Software-defined radio (SDR) is a subject that may sound too nerdy even for the average Linux user, perhaps the equivalent of Citizens Band (CB) radio in the 1970s and 1980s. But like CB radio, the useful and technically geeky aspects of this technology can also make it very appealing. For one thing, SDR needs very little hardware to get started. A simple, low-cost, DVB USB receiver is all you need initially, and many of us have spare devices simply because digital radio and television has moved from broadcast to streaming. SDR replaces the plethora of hardware needed to investigate the radio signals in the ether with clever algorithms and processing, allowing you to decode everything from a remote thermometer to airline communication using software alone.

On Linux, there are a huge number of tools and utilities dedicated to working with SDR. GNU Radio, for example, is technically complex, but Gqrx SDR is easier to use and understand. SDRangel sits somewhere between GNU Radio and Gqrx in complexity. It is still capable of advanced analysis, but thanks to the UI, everything is also easily discoverable without having to read reams of documentation.
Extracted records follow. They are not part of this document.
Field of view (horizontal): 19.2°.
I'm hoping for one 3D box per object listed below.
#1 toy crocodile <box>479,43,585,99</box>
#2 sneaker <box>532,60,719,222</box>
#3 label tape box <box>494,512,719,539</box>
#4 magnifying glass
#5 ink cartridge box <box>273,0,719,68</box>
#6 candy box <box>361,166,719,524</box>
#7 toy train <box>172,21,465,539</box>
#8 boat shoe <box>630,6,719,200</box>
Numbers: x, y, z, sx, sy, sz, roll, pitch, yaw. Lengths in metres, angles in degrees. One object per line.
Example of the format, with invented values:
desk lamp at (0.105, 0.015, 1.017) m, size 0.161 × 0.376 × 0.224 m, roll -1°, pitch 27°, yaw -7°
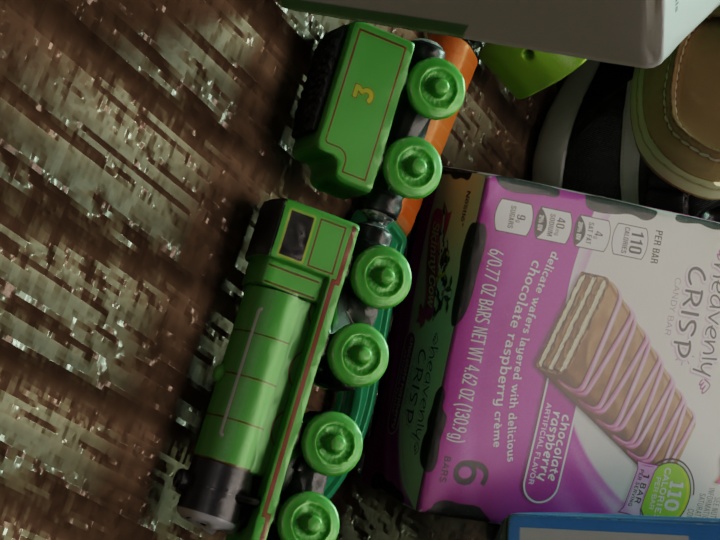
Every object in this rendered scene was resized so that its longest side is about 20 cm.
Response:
toy crocodile at (0.113, -0.150, 0.914) m, size 0.062 × 0.067 × 0.200 m, roll -39°, pitch -161°, yaw 55°
sneaker at (0.164, -0.103, 0.974) m, size 0.200 × 0.112 × 0.073 m, roll -68°, pitch 155°, yaw -14°
label tape box at (0.120, 0.154, 0.887) m, size 0.200 × 0.144 × 0.063 m, roll 97°, pitch -4°, yaw -70°
magnifying glass at (0.000, 0.000, 0.813) m, size 0.200 × 0.022 × 0.080 m, roll -66°, pitch 151°, yaw -17°
ink cartridge box at (0.077, -0.155, 0.752) m, size 0.200 × 0.146 × 0.083 m, roll -43°, pitch 137°, yaw -49°
candy box at (0.112, 0.041, 0.879) m, size 0.200 × 0.061 × 0.137 m, roll 10°, pitch 93°, yaw -25°
toy train at (-0.015, 0.007, 0.745) m, size 0.056 × 0.042 × 0.200 m, roll 21°, pitch 78°, yaw -18°
boat shoe at (0.172, -0.118, 0.903) m, size 0.200 × 0.074 × 0.066 m, roll -63°, pitch -179°, yaw -33°

Like Gqrx, its primary function is to let you scan and probe specific frequency ranges for signals that can potentially be decoded/demodulated into either a digital or an analog signal. A digital signal could be to a remote device with a proprietary controller you want to decode and control from your Raspberry Pi, whereas an analog signal would be something you could listen to, such as the chatter from a pilot to an airport control tower.

There are many steps between selecting your sampling device, finding the right frequency, and decoding a signal, but the heart of SDRangel is common to many SDR applications: the spectrogram waterfall. This is a scrolling chart where each horizontal line is a slice of a frequency range, with pixels colored according to the amplitude or intensity of a signal at that point. It's a waterfall, because, as each slice is measured, the previous slice moves down, creating a scrolling waterfall of color. This kind of chart makes it easy to spot signals, either as a continuous line for audio, or as intermittent blobs for bursts of digital data. Scanning the deregulated frequencies between 433.050 MHz to 434.790 MHz, for instance, can reveal all types of signals from your environment, including automatic garage doors, weather monitors, and even remote car key fobs. Some of these will be momentary, such as when you unlock your car, whereas others will be periodical, perhaps repeating every 30 seconds or every hour. To capture all of these, you need to play around with both the frequency ranges you're scanning, and the scanning period or speed of the waterfall. This is because you'll miss a signal with an hourly period if the previous transmission has scrolled off the screen, for instance. While this overview may make the process sound arduous, the reality is quite the opposite. Discovering signals, zooming in to them, working out their repeating periods, and finally trying to decode the pulses in a repeating signal is fascinating and can provide a great deal of insight into how the technology around you works and how it communicates.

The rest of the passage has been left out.